Now that you can’t actually go into your AWS data center and set up physical segments, you have to find a different way to secure these API calls. Back when you had 1000 virtual machines, you could have used some manual rules or segments around what application talks to what other application, but for this to work, you needed to fully understand and keep documented those interactive relationships. When they were relatively static and manageable in volume, that was a thing you could tackle with a team. Instead, now when you have 1000s of services, which are deployed as millions of containers, you have a much, much larger and more complex system with potential gaps that add extensive risk to your whole application. 
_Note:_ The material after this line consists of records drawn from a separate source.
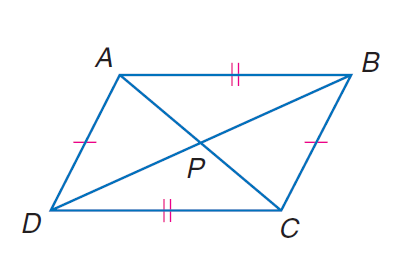Answer the mathemtical geometry problem and directly provide the correct option letter.
Question: In quadrilateral A B C D, A C = 188, B D = 214, m \angle B P C = 70, and P is the midpoint of A C and B D. Find the perimeter of quadrilateral A B C D.
Choices: A: 343.1 B: 423.1 C: 561.2 D: 671.2 C 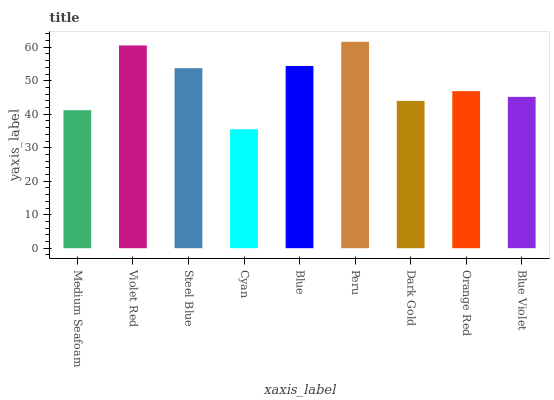Is Violet Red the minimum?
Answer yes or no. No. Is Violet Red the maximum?
Answer yes or no. No. Is Violet Red greater than Medium Seafoam?
Answer yes or no. Yes. Is Medium Seafoam less than Violet Red?
Answer yes or no. Yes. Is Medium Seafoam greater than Violet Red?
Answer yes or no. No. Is Violet Red less than Medium Seafoam?
Answer yes or no. No. Is Orange Red the high median?
Answer yes or no. Yes. Is Orange Red the low median?
Answer yes or no. Yes. Is Violet Red the high median?
Answer yes or no. No. Is Medium Seafoam the low median?
Answer yes or no. No. 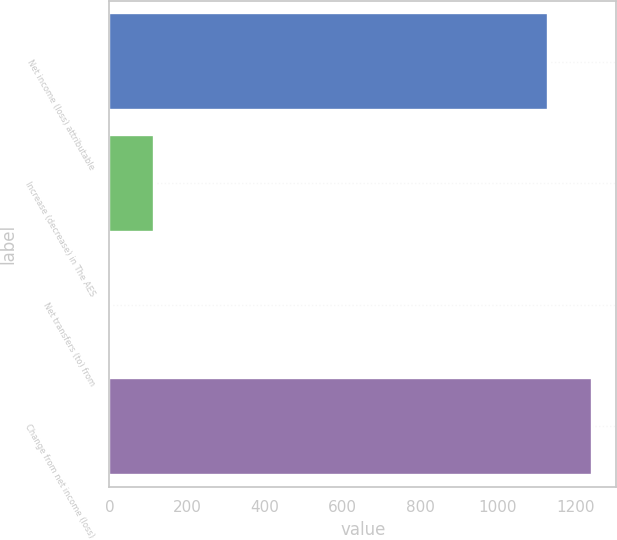<chart> <loc_0><loc_0><loc_500><loc_500><bar_chart><fcel>Net income (loss) attributable<fcel>Increase (decrease) in The AES<fcel>Net transfers (to) from<fcel>Change from net income (loss)<nl><fcel>1130<fcel>115<fcel>2<fcel>1243<nl></chart> 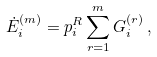Convert formula to latex. <formula><loc_0><loc_0><loc_500><loc_500>\dot { E } _ { i } ^ { ( m ) } = p _ { i } ^ { R } \sum _ { r = 1 } ^ { m } G _ { i } ^ { ( r ) } \, ,</formula> 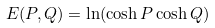Convert formula to latex. <formula><loc_0><loc_0><loc_500><loc_500>E ( P , Q ) = \ln ( \cosh P \cosh Q )</formula> 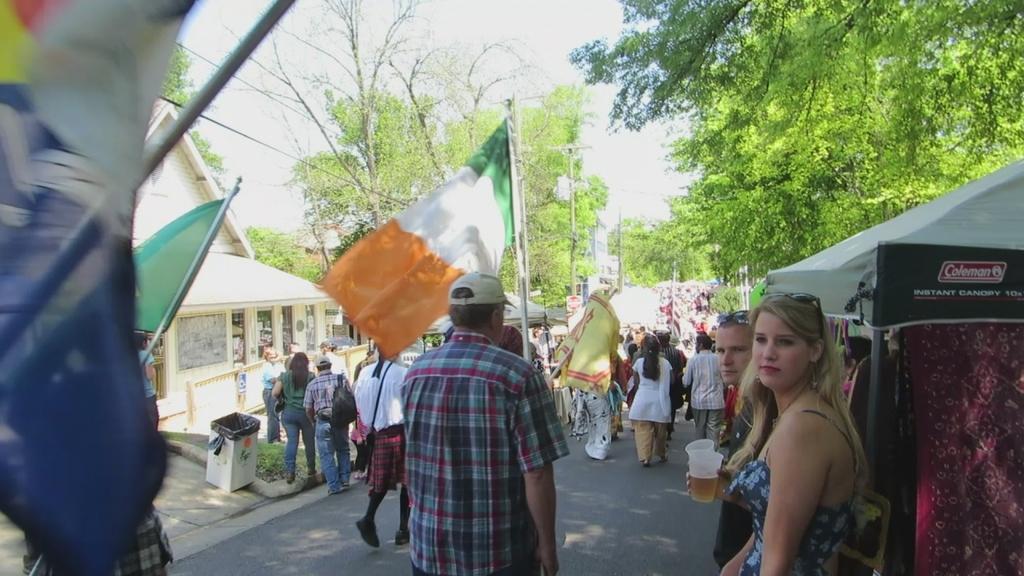Please provide a concise description of this image. In this image we can see few people on the road, some of them are holding flags, two person standing near the stall and holding glasses with drink, there are few trees, buildings, wires and the sky in the background. 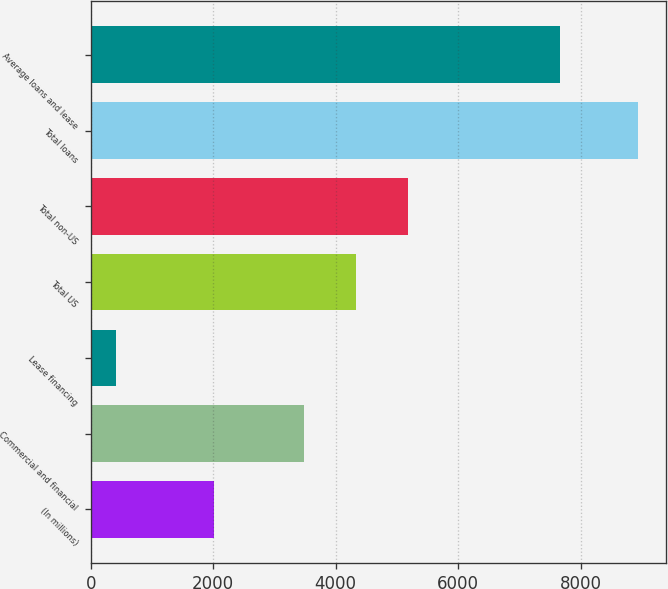Convert chart. <chart><loc_0><loc_0><loc_500><loc_500><bar_chart><fcel>(In millions)<fcel>Commercial and financial<fcel>Lease financing<fcel>Total US<fcel>Total non-US<fcel>Total loans<fcel>Average loans and lease<nl><fcel>2006<fcel>3480<fcel>415<fcel>4333.1<fcel>5186.2<fcel>8946<fcel>7670<nl></chart>

Consider the difference between securing a 19th century merchant ship versus a modern container ship carrying hundreds of millions of dollars in cargo. Just this March, a container ship sunk off the Azores Islands after a fire caused cascading failures that were then compounded by rough seas, causing $155 million of cargo to sink to the bottom of the Atlantic. It took vulnerabilities in the containers and ship’s fire containment systems combined with the external ecosystem to cause such a catastrophic failure, any piece of which may have been secured and managed differently if it were operating at a human-manageable scale, but it wasn’t, just as modern cloud stacks aren’t. 

Conclusions

We are operating at a scale and complexity unfathomable even twenty years ago, and it is no wonder that the fortifications and keymakers of the old world need to adapt and evolve to keep today’s world safe and secure. While we are not starting from scratch and can take with us many lessons, both technical and humanistic, from what has come before, we also need to fundamentally reinvent our approach to application security so that we are no longer dependent on systems and structures that can’t scale to conquer today’s vast challenges.